Il 16 settembre 2025 viene pubblicato l’ultimo Rapporto della Commissione internazionale indipendente di inchiesta sui territori palestinesi occupati. La Commissione, istituita nel 2021 dall’Ufficio dell’Alto Commissario per i diritti umani delle Nazioni Unite, si compone di tre esperti provenienti dall’emisfero sud del mondo e precisamente la presidente dal Sud Africa e i due membri dall’Australia e dall’India.
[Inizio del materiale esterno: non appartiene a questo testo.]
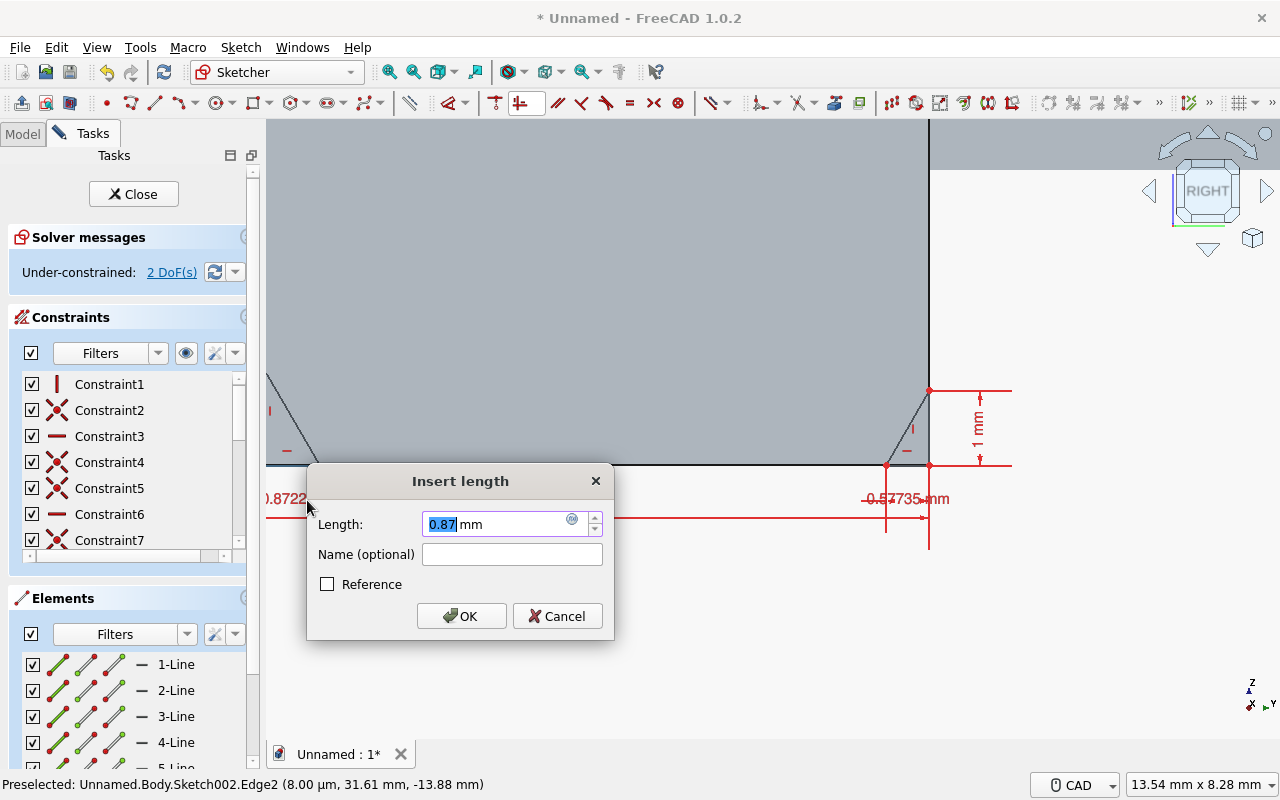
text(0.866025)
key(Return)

La prima conclusione cui la Commissione perviene, sulla base degli accertamenti svolti e in parte condensati in precedenti rapporti redatti tra il settembre 2022 e il maggio 2025 – è che le autorità di governo e militari di Israele tengono a Gaza quattro delle cinque condotte definite di genocidio dall’articolo II della Convenzione ONU per la prevenzione e la repressione di tale crimine (New York, 1948). Si tratta dell’«uccidere membri del gruppo», del «causare gravi danni fisici o mentali ai membri del gruppo», del «sottoporre deliberatamente il gruppo a condizioni di vita intese a provocare la sua distruzione fisica, totale o parziale» e del «imporre misure dirette a impedire nascite all’interno del gruppo».
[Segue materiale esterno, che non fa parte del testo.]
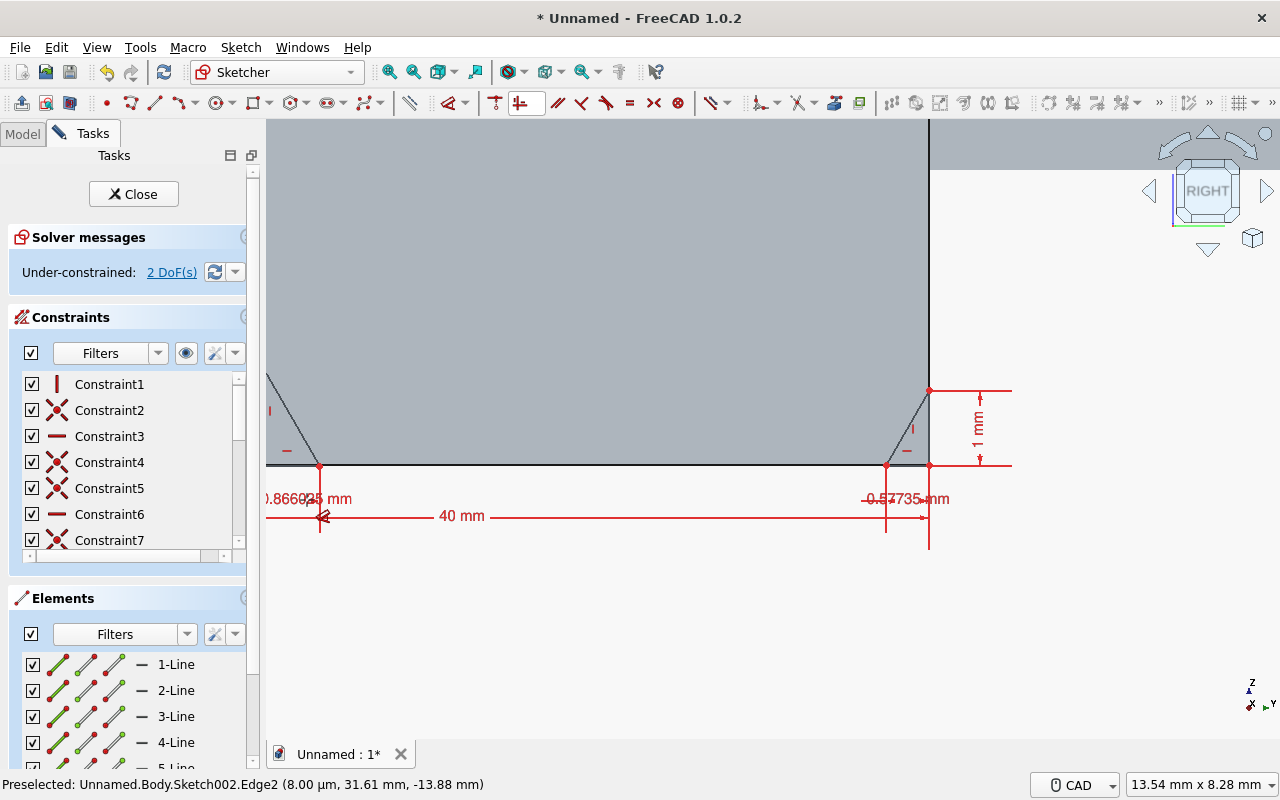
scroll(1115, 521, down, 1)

Il rapporto riserva molte delle 72 pagine a come e con quali conseguenze si svolge l’operazione militare avviata nella Striscia dopo i massacri, le atrocità e i rapimenti perpetrati da Hamas in territorio israeliano. Una minuziosa attenzione viene dedicata al numero senza precedenti di palestinesi caduti e gravemente feriti, all’assedio totale dell’area, al blocco delle forniture di energia e degli aiuti umanitari con degrado delle condizioni di vita – tra cui fame e malnutrizione di massa –, alla sistematica distruzione di ospedali, scuole, università, aree agricole, ai ricorrenti atti di violenza sessuale e di genere, ai bambini presi a bersaglio, all’attacco diffuso ai siti di interesse religioso e culturale.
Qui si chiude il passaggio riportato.